Tray Woodall, D'Vauntes Smith-Rivera

Pitt humiliates No. 19 Georgetown, responds after disappointing start


WASHINGTON, D.C. – Pitt never went home after their loss to Rutgers in New Jersey on Saturday night, instead opting to head directly to DC, a region five players spent their high school careers.

The 67-62 loss, which required a second half rally form 14 points down just to make the score respectable, dropped the Panthers to 0-2 in the Big East, a bad omen given their lack of non-conference schedule strength and the 0-7 start Pitt had to league play a season ago.

And since allowing a roster full of college kids to have a couple days worth of down time with their high school buddies isn’t exactly the best way to rejuvenate focus for one of the season’s most important games, you can understand why Jamie Dixon and his staff went back and forth on whether or not to stay in DC.

“We were there for so long,” Dixon said after Pitt’s 73-45 mollywhopping of Georgetown, the worst home loss the Hoyas have suffered since the 1971-72 season. “Yesterday, I wasn’t feeling good about the decision. Today? I’m feeling pretty good.”

And he should be.

All of the Panthers should be.

Because they played their best basketball of the year in the season’s most important game to date.

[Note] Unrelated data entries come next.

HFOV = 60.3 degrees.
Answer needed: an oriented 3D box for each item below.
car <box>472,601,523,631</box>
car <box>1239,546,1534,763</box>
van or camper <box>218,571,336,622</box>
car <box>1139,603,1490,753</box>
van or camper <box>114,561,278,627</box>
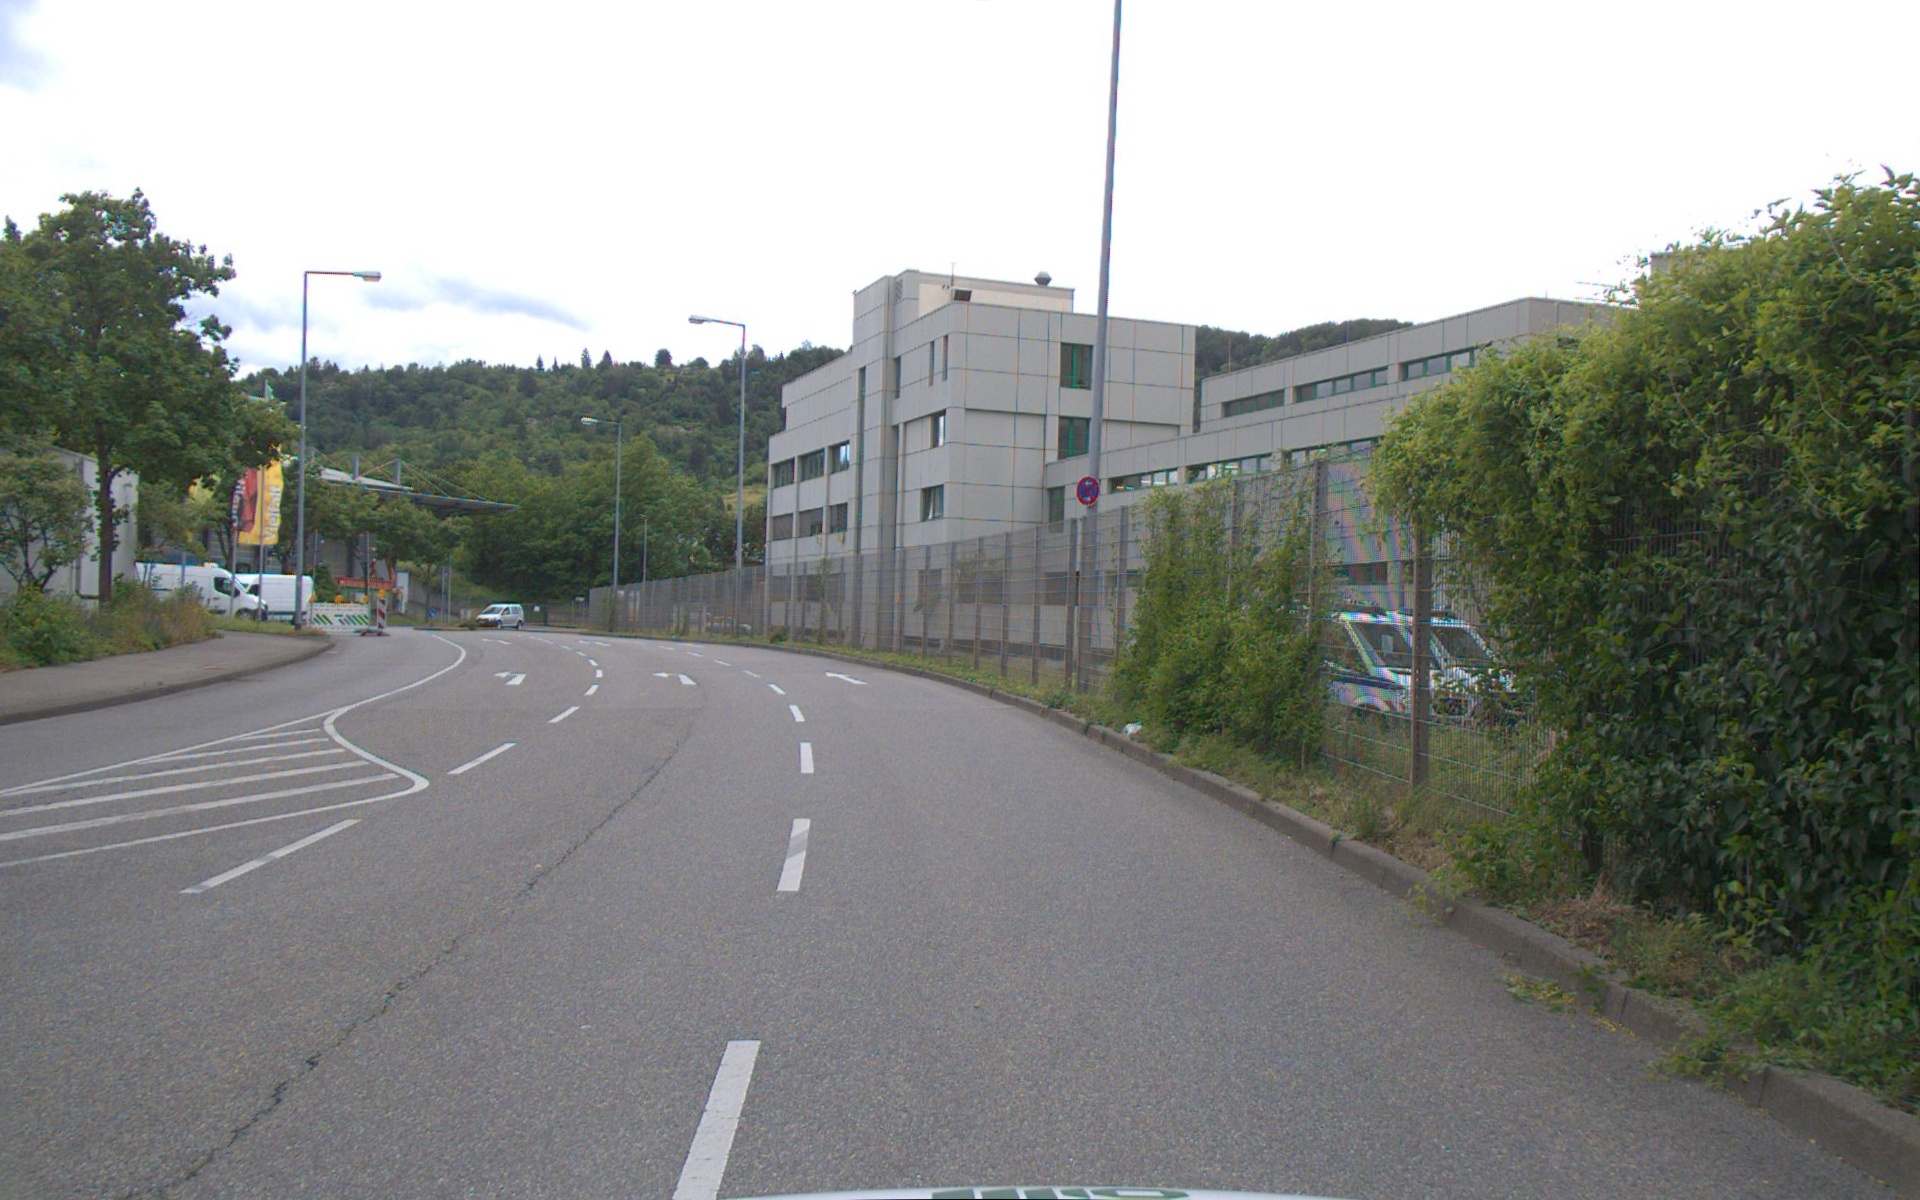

Pitt couldn’t afford another loss to kick off their Big East schedule, not when their best wins prior to the start of league play were Lehigh and Detroit; not when their Big East opener involved blowing a lead at home to Cincinnati, which happens to be the only game that the Bearcats have won in their last four; not when they were coming off of an embarrassing loss to a Rutgers team that is improving but still a long way relevant; not when the sting of a 5-13 Big East season and a trip to the CBI was still fresh in the minds of the players in the Pitt program.

“We let the first one, two games get away from us. Two teams that we think we should have beaten,” senior point guard Tray Woodall said after the game. “But there’s no panic. We just know that we had to come out and get this win. This road trip, two games, we wanted to make sure we go home with at least one win.”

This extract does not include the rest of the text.